About Reset Node ID and pg_auto_failover to initial state.

hapostgres / pg_auto_failover

Postgres extension and service for automated failover and high-availability

Other

1.07k stars 112 forks source link

About Reset Node ID and pg_auto_failover to initial state. #969

Closed curtis18 closed 1 year ago

curtis18 commented 1 year ago

I would like to reset Node ID and tried to clear everything in monitor and postgres node, but it is unsuccessful and the service cannot run with following error. How can I reset the node ID number or the initial state of pg_auto_failover? I delete the databases in both monitor and postgres nodes, but it still shows 56. Thank you.

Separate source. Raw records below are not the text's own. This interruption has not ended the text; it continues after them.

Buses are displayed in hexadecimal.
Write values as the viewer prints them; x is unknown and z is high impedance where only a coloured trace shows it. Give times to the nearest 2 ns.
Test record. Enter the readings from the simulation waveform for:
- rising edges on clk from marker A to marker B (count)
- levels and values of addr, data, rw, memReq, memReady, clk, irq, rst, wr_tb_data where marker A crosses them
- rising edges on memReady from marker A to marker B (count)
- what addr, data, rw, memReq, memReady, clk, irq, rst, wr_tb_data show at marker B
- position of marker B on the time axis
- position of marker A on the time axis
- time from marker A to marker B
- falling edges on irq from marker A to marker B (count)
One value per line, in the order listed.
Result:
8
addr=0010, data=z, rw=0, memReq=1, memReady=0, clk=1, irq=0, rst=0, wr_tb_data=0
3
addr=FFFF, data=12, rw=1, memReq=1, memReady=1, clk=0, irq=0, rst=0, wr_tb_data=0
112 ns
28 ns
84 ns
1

bagafoot commented 1 year ago

connect to monitor pg database with psql, there is "pgautofailover.node" table. You can delete related node from table or run function "pgautofailover.remove_node(host, port)".

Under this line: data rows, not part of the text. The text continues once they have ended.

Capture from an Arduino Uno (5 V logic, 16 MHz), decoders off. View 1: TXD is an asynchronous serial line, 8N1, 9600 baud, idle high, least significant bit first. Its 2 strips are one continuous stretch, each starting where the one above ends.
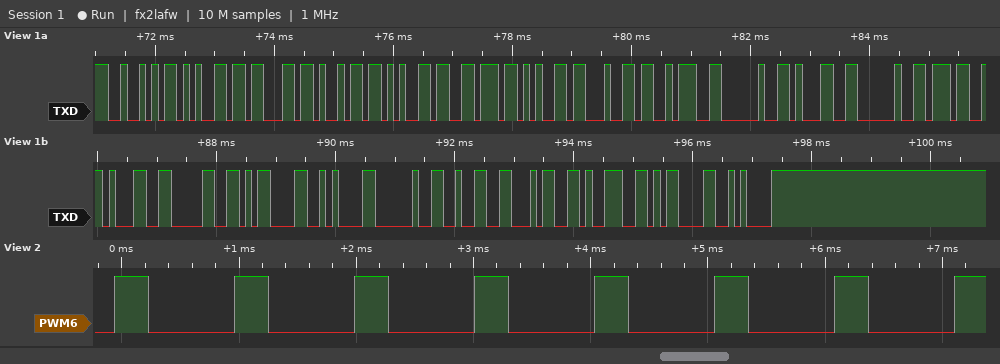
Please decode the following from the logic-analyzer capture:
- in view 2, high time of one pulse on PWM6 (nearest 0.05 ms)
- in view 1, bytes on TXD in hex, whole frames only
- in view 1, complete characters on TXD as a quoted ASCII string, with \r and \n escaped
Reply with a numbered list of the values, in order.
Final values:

DimCitus commented 1 year ago

Please provide a clear set of steps that allow reproducing your problem, or at the very least provide the command line(s) you tried and their result. Also never share logs as images, as it makes them hard to read and impossible to process. Closing for lack of actionable information. If you need help, consider opening this issue again with some level of information.

curtis18 commented 1 year ago

connect to monitor pg database with psql, there is "pgautofailover.node" table. You can delete related node from table or run function "pgautofailover.remove_node(host, port)".

Thanks for your help @bagafoot. I tried to locate "pgautofailover.node" table, but I cannot locate where is "pgautofailover.node".

pg_auto_failover=# \dt Did not find any relations.

I finally purge, restart, and reinstall the pg_auto_failover in order to resolve the issue. I cannot reproduce the issue after resolving the issue @DimCitus. I believe it may occur when the service of pg_auto_failover was still running, but the folder is pg_data folder was removed and therefore the non-working service was keeping alive and was unable to be stopped.

bagafoot commented 1 year ago

pgautofailover.node it is schema name that contain node table, you should check \dt pgautofailover.*

curtis18 commented 1 year ago

Thank you @bagafoot. May I know is there any pg_autoctl function that can pause streaming replication on all secondary nodes? I know pg_wal_replay_pause() can do it, but it requires to run under psql and one by one.